Outras medidas potencialmente úteis incluem:
-Manter lesões cutâneas limpas e secas para reduzir o risco de superinfecção bacteriana;
-Lavar erupção cutânea com água e sabão e depois secar com cuidado;
-Embeber adstringentes quentes ou frios nas lesões pode ser calmante;
-Considerar usar um curativo estéril, não oclusivo não aderente para proteger as lesões e promover a cura, especialmente em pacientes com herpes-zóster com o aumento da sensibilidade da pele;
-Usar roupas folgadas para o conforto;
-Lembrar que cremes ou pomadas (incluindo aciclovir tópica ou penciclovir) não têm nenhum papel no manejo de herpes-zóster.

Em pacientes com herpes-zóster oftálmico e imunodeprimidos, a terapia com aciclovir endovenoso melhora a evolução clínica. O aciclovir por via intravenosa, de 10 mg / kg a 15 mg / kg, a cada 8 horas, durante 10 a 14 dias (em doentes com função renal normal), seguido de valaciclovir oral, 1 g; 3 vezes por dia, durante 4-6 semanas é indicado nestas situações.

Prevenção

A vacina para a Varicela-zóster é recomendada em todas as crianças e adultos que são soronegativos para os anticorpos do vírus da Varicela-zóster.
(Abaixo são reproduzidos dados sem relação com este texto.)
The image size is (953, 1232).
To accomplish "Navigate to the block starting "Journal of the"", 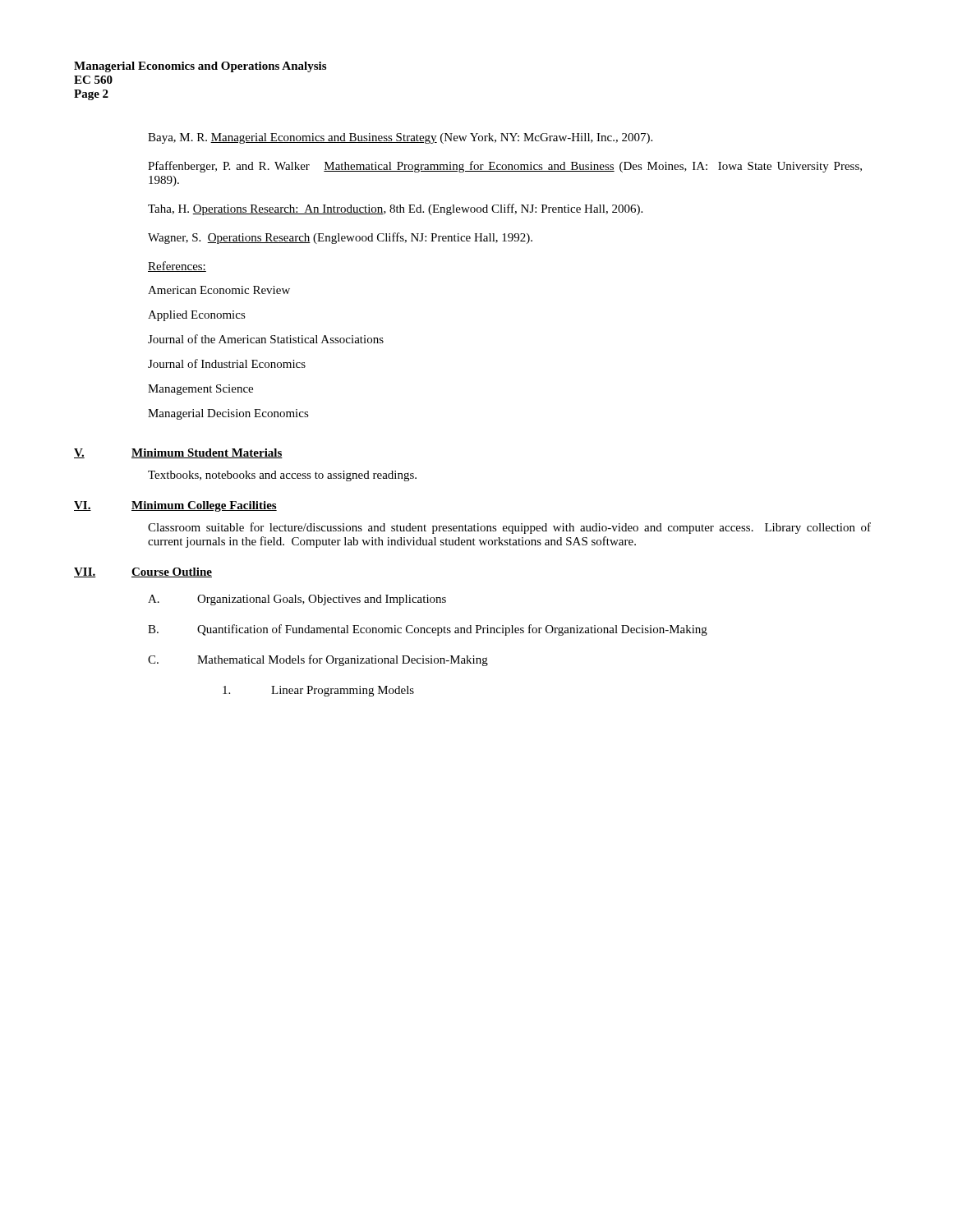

A vacina ainda é recomendada em pacientes com mais de 60 anos de idade, independente de episódio prévio de varicela, para prevenção do herpes-zóster e tem ainda benefício potencial para prevenção do zóster em pacientes com 50-59 anos de idade.

Os medicamentos antivirais, tais como aciclovir e o valaciclovir, não devem ser usados no prazo de 24 horas antes ou 14 dias após a vacinação. A vacina pode ser administrada ao mesmo tempo que a vacina da gripe, sem alterar a resposta imune.

Um estudo com mais de 30.000 adultos com uma história de varicela com maior ou igual a 60 anos de idade, mostrou que a vacina diminuíu a incidência e a gravidade do herpes-zóster e neuralgia pós-herpética. A vacina reduziu o ônus da doença devido ao herpes-zóster em 61,1%, reduziu a incidência de neuralgia pós-herpética em 66,5%, e reduziu a incidência de Herpes- zóster em 51,3%.